The given data follows a One-Compartment Model with linear eliminiation

pk_28       = @model begin
  @param begin
    a        RealDomain(lower=0)
    b        RealDomain(lower=0)
    c        RealDomain(lower=0)
    d        RealDomain(lower=0)
    Ω        PDiagDomain(2)
    σ²_prop  RealDomain(lower=0)
  end

  @random begin
    η       ~ MvNormal(Ω)
  end

  @covariates BW

  @pre begin
    Cl      = a * (BW)^b * exp(η[1])
    Vc      = c * (BW)^d * exp(η[2])
  end

  @dynamics begin
    Central'= -(Cl/Vc)*Central
  end

  @derived begin
    cp      = @. Central/Vc
    dv      ~ @. Normal(cp, sqrt(cp^2*σ²_prop))
    nca    := @nca cp
    AUC     = NCA.auc(nca)
    CL      = NCA.cl(nca)
    V       = NCA.vz(nca)
    t_half  = NCA.thalf(nca)
  end
end
PumasModel
  Parameters: a, b, c, d, Ω, σ²_prop
  Random effects: η
  Covariates: BW
  Dynamical variables: Central
  Derived: cp, dv, AUC, CL, V, t_half
  Observed: cp, dv, AUC, CL, V, t_half

Parameters

  • a - typical value of clearance among the species

  • b - scaling parameter for Cl

  • c - typical value of volume of distribution among the species

  • d - scaling parameter for Vc

param = ( a       = 0.319142230070251,
          b       = 0.636711976371785,
          c       = 3.07665859278123,
          d       = 1.03093780182922,
          Ω       = Diagonal([0.0,0.0]),
          σ²_prop = 0.01)
(a = 0.319142230070251, b = 0.636711976371785, c = 3.07665859278123, d = 1.
03093780182922, Ω = [0.0 0.0; 0.0 0.0], σ²_prop = 0.01)

Dosage Regimen

  • Species 1 (Mouse) - 25μg IV-Bolus and bodyweight (23grams)

  • Species 2 (Rat) - 500μg IV-Bolus and bodyweight (250grams)

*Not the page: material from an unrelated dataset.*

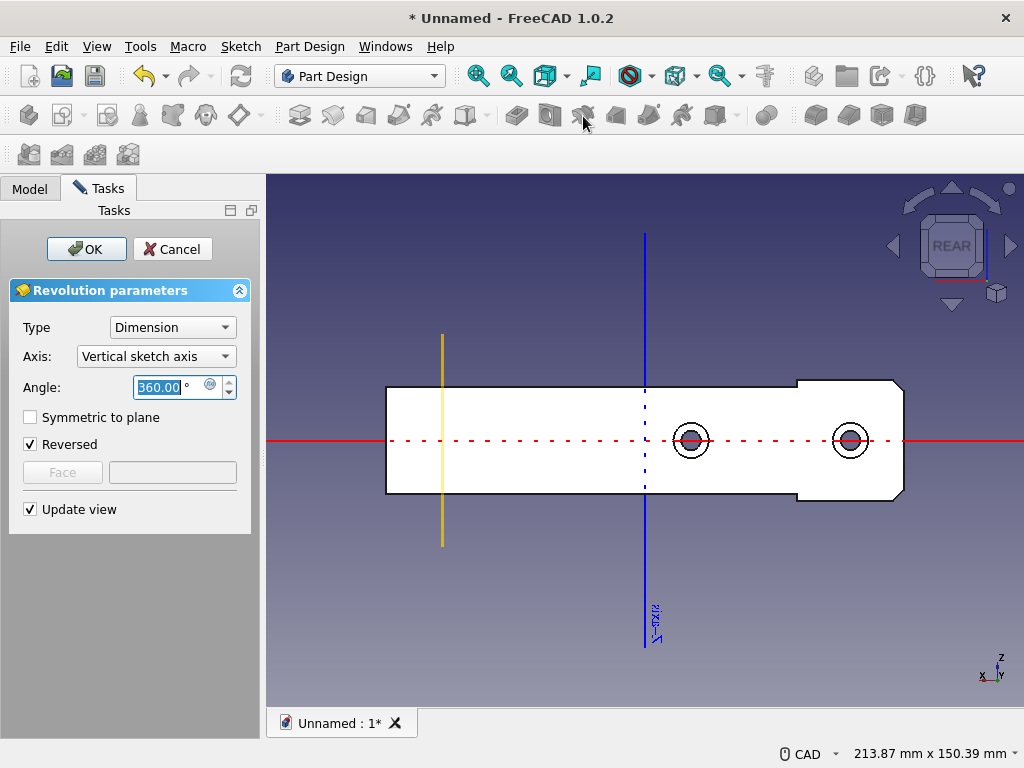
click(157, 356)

  • Species 3 (Human) - 100000μg IV-Bolus and bodyweight (70kg)

ev1      = DosageRegimen(25, cmt=1, time=0, route=NCA.IVBolus)
sub1     = Subject(id="Mouse", events=ev1, covariates=(BW=0.023,), time=[0,0.167,0.5,2,4,6])
ev2      = DosageRegimen(500, cmt=1, time=0,route=NCA.IVBolus)
sub2     = Subject(id="Rat", events=ev2, covariates=(BW=0.250,), time=[0,0.167,0.33,0.5,1,2,4,8,12,15])
ev3      = DosageRegimen(100000, cmt=1, time=0, route=NCA.IVBolus)
sub3     = Subject(id="Human", events=ev3, covariates=(BW=70,), time=[0,1,2,4,8,12,24,36,48,72])
pop3_sub = [sub1,sub2,sub3]
Population
  Subjects: 3
  Covariates: BW

Simulation

Random.seed!(123)
sim_pop3 = simobs(pk_28, pop3_sub, param)
df1      = DataFrame(sim_pop3)

Dataframe and Plotting

A plot of Concentration vs Time data from three different species

@df df1 plot(:time, :cp, yaxis=:log, group=:id, linewidth=3,
             title="Plasma Concentration vs Time", xlabel="Time (hr)", ylabel="Concentration (ug/L)",
             yticks=[10,100,1000], ylims=(10,1000),xticks=[0,10,20,30,40,50,60,70,80])
@df df1 scatter!(:time, :dv, yaxis=:log, label="Obs - Conc" )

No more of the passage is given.